> What is expected
Nothing in the records may change. Output them all exactly.

[Records excerpted from a collection]
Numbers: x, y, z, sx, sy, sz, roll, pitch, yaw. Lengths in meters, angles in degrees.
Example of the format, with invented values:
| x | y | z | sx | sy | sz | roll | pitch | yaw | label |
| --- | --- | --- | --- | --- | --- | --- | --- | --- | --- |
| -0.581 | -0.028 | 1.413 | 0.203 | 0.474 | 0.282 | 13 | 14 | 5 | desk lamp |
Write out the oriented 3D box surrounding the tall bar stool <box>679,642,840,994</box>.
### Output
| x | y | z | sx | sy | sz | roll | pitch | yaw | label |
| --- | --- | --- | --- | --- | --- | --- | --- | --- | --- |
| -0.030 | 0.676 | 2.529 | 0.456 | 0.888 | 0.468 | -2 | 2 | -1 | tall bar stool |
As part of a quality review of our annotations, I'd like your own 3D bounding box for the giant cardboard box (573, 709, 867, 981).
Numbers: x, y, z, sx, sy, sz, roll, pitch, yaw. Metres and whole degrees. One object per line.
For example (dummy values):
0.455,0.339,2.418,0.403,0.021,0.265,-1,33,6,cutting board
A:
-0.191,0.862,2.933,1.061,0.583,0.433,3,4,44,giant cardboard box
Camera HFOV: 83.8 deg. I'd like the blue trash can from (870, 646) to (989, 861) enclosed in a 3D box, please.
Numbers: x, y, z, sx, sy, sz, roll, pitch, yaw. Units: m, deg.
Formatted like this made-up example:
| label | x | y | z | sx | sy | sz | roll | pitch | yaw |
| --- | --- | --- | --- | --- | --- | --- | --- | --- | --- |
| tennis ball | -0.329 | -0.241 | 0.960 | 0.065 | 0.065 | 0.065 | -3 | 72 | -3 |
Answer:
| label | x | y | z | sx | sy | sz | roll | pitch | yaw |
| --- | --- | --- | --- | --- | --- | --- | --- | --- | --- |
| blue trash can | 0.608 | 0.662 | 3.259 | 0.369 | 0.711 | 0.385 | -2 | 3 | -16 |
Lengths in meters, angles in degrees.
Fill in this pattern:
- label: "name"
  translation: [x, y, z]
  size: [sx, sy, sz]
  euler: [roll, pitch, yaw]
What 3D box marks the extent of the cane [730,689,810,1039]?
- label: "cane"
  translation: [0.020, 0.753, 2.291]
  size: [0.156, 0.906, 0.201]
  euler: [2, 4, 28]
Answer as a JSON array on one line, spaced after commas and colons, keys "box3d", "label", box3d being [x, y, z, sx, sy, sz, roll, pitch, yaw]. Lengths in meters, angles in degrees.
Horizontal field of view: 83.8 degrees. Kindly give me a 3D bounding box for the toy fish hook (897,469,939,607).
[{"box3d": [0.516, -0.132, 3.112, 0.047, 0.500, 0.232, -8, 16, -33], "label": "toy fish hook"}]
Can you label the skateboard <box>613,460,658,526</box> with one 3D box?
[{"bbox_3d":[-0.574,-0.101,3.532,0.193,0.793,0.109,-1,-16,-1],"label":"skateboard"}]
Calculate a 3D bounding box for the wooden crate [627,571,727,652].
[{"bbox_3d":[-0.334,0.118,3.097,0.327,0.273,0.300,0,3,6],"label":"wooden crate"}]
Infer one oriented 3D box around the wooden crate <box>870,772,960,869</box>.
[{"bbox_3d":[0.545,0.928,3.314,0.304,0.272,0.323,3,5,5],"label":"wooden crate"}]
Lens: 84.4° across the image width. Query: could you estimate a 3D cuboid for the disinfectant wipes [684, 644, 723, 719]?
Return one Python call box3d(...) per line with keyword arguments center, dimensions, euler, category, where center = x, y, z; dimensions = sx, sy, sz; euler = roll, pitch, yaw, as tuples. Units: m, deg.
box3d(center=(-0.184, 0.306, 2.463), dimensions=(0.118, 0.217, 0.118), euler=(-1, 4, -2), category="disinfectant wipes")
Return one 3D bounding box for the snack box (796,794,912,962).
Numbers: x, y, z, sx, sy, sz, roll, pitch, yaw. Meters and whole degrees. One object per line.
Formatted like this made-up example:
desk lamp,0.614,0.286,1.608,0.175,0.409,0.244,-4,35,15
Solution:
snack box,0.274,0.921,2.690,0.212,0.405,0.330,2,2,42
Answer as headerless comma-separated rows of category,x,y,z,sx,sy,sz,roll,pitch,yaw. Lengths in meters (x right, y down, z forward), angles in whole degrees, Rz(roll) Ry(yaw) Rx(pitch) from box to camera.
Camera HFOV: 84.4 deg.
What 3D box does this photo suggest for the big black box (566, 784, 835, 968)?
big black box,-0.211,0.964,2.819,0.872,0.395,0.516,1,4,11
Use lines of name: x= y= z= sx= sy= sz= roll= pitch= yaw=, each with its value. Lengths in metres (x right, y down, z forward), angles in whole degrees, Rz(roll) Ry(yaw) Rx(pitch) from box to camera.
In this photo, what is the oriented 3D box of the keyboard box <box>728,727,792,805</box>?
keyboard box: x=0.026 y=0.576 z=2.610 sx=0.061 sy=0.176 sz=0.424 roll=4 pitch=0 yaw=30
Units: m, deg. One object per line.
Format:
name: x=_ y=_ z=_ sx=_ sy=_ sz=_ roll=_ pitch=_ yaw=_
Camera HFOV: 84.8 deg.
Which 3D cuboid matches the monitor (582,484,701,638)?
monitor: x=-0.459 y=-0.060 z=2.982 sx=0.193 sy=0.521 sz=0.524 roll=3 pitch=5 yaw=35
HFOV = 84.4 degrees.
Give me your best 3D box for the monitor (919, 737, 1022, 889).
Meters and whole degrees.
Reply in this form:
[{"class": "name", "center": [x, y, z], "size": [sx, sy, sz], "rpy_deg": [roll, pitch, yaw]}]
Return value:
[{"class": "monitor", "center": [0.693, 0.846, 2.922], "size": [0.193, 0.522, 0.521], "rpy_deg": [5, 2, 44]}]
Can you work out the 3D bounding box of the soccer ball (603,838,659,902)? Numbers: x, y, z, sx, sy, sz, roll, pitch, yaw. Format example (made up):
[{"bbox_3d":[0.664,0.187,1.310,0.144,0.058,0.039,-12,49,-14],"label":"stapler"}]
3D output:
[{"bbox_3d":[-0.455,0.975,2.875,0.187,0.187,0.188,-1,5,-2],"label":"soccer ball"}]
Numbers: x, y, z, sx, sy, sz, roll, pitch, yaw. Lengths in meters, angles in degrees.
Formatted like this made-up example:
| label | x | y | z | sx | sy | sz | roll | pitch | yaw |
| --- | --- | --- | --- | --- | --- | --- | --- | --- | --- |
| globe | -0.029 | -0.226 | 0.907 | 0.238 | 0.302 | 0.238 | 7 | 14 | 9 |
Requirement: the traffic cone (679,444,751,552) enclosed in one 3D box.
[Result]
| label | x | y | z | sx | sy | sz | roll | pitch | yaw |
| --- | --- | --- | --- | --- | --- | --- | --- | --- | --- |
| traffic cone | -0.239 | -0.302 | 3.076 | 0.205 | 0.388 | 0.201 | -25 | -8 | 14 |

> Task solution
Numbers: x, y, z, sx, sy, sz, roll, pitch, yaw. Lengths in meters, angles in degrees.
Example of the format, with invented values:
| x | y | z | sx | sy | sz | roll | pitch | yaw | label |
| --- | --- | --- | --- | --- | --- | --- | --- | --- | --- |
| -0.581 | -0.028 | 1.413 | 0.203 | 0.474 | 0.282 | 13 | 14 | 5 | desk lamp |
Write out the oriented 3D box surrounding the tall bar stool <box>679,642,840,994</box>.
### Output
| x | y | z | sx | sy | sz | roll | pitch | yaw | label |
| --- | --- | --- | --- | --- | --- | --- | --- | --- | --- |
| -0.030 | 0.676 | 2.529 | 0.456 | 0.888 | 0.468 | -2 | 2 | -1 | tall bar stool |
As part of a quality review of our annotations, I'd like your own 3D bounding box for the giant cardboard box (573, 709, 867, 981).
Numbers: x, y, z, sx, sy, sz, roll, pitch, yaw. Metres and whole degrees. One object per line.
For example (dummy values):
0.455,0.339,2.418,0.403,0.021,0.265,-1,33,6,cutting board
A:
-0.191,0.862,2.933,1.061,0.583,0.433,3,4,44,giant cardboard box
Camera HFOV: 83.8 deg. I'd like the blue trash can from (870, 646) to (989, 861) enclosed in a 3D box, please.
Numbers: x, y, z, sx, sy, sz, roll, pitch, yaw. Units: m, deg.
Formatted like this made-up example:
| label | x | y | z | sx | sy | sz | roll | pitch | yaw |
| --- | --- | --- | --- | --- | --- | --- | --- | --- | --- |
| tennis ball | -0.329 | -0.241 | 0.960 | 0.065 | 0.065 | 0.065 | -3 | 72 | -3 |
Answer:
| label | x | y | z | sx | sy | sz | roll | pitch | yaw |
| --- | --- | --- | --- | --- | --- | --- | --- | --- | --- |
| blue trash can | 0.608 | 0.662 | 3.259 | 0.369 | 0.711 | 0.385 | -2 | 3 | -16 |
Lengths in meters, angles in degrees.
Fill in this pattern:
- label: "name"
  translation: [x, y, z]
  size: [sx, sy, sz]
  euler: [roll, pitch, yaw]
What 3D box marks the extent of the cane [730,689,810,1039]?
- label: "cane"
  translation: [0.020, 0.753, 2.291]
  size: [0.156, 0.906, 0.201]
  euler: [2, 4, 28]
Answer as a JSON array on one line, spaced after commas and colons, keys "box3d", "label", box3d being [x, y, z, sx, sy, sz, roll, pitch, yaw]. Lengths in meters, angles in degrees.
Horizontal field of view: 83.8 degrees. Kindly give me a 3D bounding box for the toy fish hook (897,469,939,607).
[{"box3d": [0.516, -0.132, 3.112, 0.047, 0.500, 0.232, -8, 16, -33], "label": "toy fish hook"}]
Can you label the skateboard <box>613,460,658,526</box> with one 3D box?
[{"bbox_3d":[-0.574,-0.101,3.532,0.193,0.793,0.109,-1,-16,-1],"label":"skateboard"}]
Calculate a 3D bounding box for the wooden crate [627,571,727,652].
[{"bbox_3d":[-0.334,0.118,3.097,0.327,0.273,0.300,0,3,6],"label":"wooden crate"}]
Infer one oriented 3D box around the wooden crate <box>870,772,960,869</box>.
[{"bbox_3d":[0.545,0.928,3.314,0.304,0.272,0.323,3,5,5],"label":"wooden crate"}]
Lens: 84.4° across the image width. Query: could you estimate a 3D cuboid for the disinfectant wipes [684, 644, 723, 719]?
Return one Python call box3d(...) per line with keyword arguments center, dimensions, euler, category, where center = x, y, z; dimensions = sx, sy, sz; euler = roll, pitch, yaw, as tuples. Units: m, deg.
box3d(center=(-0.184, 0.306, 2.463), dimensions=(0.118, 0.217, 0.118), euler=(-1, 4, -2), category="disinfectant wipes")
Return one 3D bounding box for the snack box (796,794,912,962).
Numbers: x, y, z, sx, sy, sz, roll, pitch, yaw. Meters and whole degrees. One object per line.
Formatted like this made-up example:
desk lamp,0.614,0.286,1.608,0.175,0.409,0.244,-4,35,15
Solution:
snack box,0.274,0.921,2.690,0.212,0.405,0.330,2,2,42
Answer as headerless comma-separated rows of category,x,y,z,sx,sy,sz,roll,pitch,yaw. Lengths in meters (x right, y down, z forward), angles in whole degrees, Rz(roll) Ry(yaw) Rx(pitch) from box to camera.
Camera HFOV: 84.4 deg.
What 3D box does this photo suggest for the big black box (566, 784, 835, 968)?
big black box,-0.211,0.964,2.819,0.872,0.395,0.516,1,4,11
Use lines of name: x= y= z= sx= sy= sz= roll= pitch= yaw=, each with its value. Lengths in metres (x right, y down, z forward), angles in whole degrees, Rz(roll) Ry(yaw) Rx(pitch) from box to camera.
In this photo, what is the oriented 3D box of the keyboard box <box>728,727,792,805</box>?
keyboard box: x=0.026 y=0.576 z=2.610 sx=0.061 sy=0.176 sz=0.424 roll=4 pitch=0 yaw=30
Units: m, deg. One object per line.
Format:
name: x=_ y=_ z=_ sx=_ sy=_ sz=_ roll=_ pitch=_ yaw=_
Camera HFOV: 84.8 deg.
Which 3D cuboid matches the monitor (582,484,701,638)?
monitor: x=-0.459 y=-0.060 z=2.982 sx=0.193 sy=0.521 sz=0.524 roll=3 pitch=5 yaw=35
HFOV = 84.4 degrees.
Give me your best 3D box for the monitor (919, 737, 1022, 889).
Meters and whole degrees.
Reply in this form:
[{"class": "name", "center": [x, y, z], "size": [sx, sy, sz], "rpy_deg": [roll, pitch, yaw]}]
Return value:
[{"class": "monitor", "center": [0.693, 0.846, 2.922], "size": [0.193, 0.522, 0.521], "rpy_deg": [5, 2, 44]}]
Can you work out the 3D bounding box of the soccer ball (603,838,659,902)? Numbers: x, y, z, sx, sy, sz, roll, pitch, yaw. Format example (made up):
[{"bbox_3d":[0.664,0.187,1.310,0.144,0.058,0.039,-12,49,-14],"label":"stapler"}]
3D output:
[{"bbox_3d":[-0.455,0.975,2.875,0.187,0.187,0.188,-1,5,-2],"label":"soccer ball"}]
Numbers: x, y, z, sx, sy, sz, roll, pitch, yaw. Lengths in meters, angles in degrees.
Formatted like this made-up example:
| label | x | y | z | sx | sy | sz | roll | pitch | yaw |
| --- | --- | --- | --- | --- | --- | --- | --- | --- | --- |
| globe | -0.029 | -0.226 | 0.907 | 0.238 | 0.302 | 0.238 | 7 | 14 | 9 |
Requirement: the traffic cone (679,444,751,552) enclosed in one 3D box.
[Result]
| label | x | y | z | sx | sy | sz | roll | pitch | yaw |
| --- | --- | --- | --- | --- | --- | --- | --- | --- | --- |
| traffic cone | -0.239 | -0.302 | 3.076 | 0.205 | 0.388 | 0.201 | -25 | -8 | 14 |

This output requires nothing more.